A review of guardianship for elderly adults

On Behalf of | Jan 17, 2019 | elder law

Establishing a person as the guardian of another individual is a complicated legal process. Many readers of this Massachusetts legal blog may be familiar with situations where courts grant adults guardianship rights over children who are in need of care. What they may not know is that in some situations guardians must be appointed for adults, particularly those who are aging and unable to take care of themselves.

Adult guardianship may be necessary when a person cannot attend to their own needs. It is a sad reality for some aging individuals that living alone and maintaining their own needs are too much for them. When a person cannot manage their own health care needs, provide themselves with basic hygiene practices, or attend to other significant daily requirements they may need a guardian to help them.

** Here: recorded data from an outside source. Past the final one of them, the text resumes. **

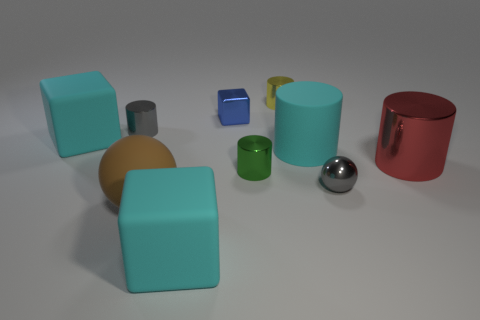There is a big matte cube that is in front of the brown matte ball; does it have the same color as the matte cylinder?
Your answer should be compact. Yes. What number of cylinders have the same color as the metallic ball?
Offer a terse response. 1. What size is the cylinder that is the same color as the metallic ball?
Provide a succinct answer. Small. Are there any other things that have the same color as the small metallic ball?
Keep it short and to the point. Yes. There is a block on the left side of the gray object that is behind the gray thing that is right of the yellow metal cylinder; how big is it?
Give a very brief answer. Large. There is a tiny blue thing; are there any gray things to the left of it?
Your answer should be compact. Yes. What is the size of the red cylinder that is the same material as the green object?
Provide a succinct answer. Large. What number of yellow things are the same shape as the green metallic object?
Ensure brevity in your answer.  1. Is the big red object made of the same material as the cyan thing right of the metal cube?
Provide a succinct answer. No. Is the number of cyan matte blocks left of the tiny gray cylinder greater than the number of big green rubber balls?
Give a very brief answer. Yes.

A guardian takes over many of the responsibilities that a person would otherwise hold for themselves. Because of this, the process of assigning a guardian to an aging adult takes rights away from the person in need of help and assigns them to their guardian. Because the guardian takes legal control over the life of their ward, courts take precautions to make sure individuals subject to guardian petitions are truly in need of care before taking rights away from them.

Individuals who have concerns about their aging relatives and friends may want to discuss their options for petitioning of guardianship through the Massachusetts courts. Getting a judgment of guardianship can take time and legal knowledge, and for these reasons it can benefit some individuals to discuss their desires with elder law attorneys who understand their concerns.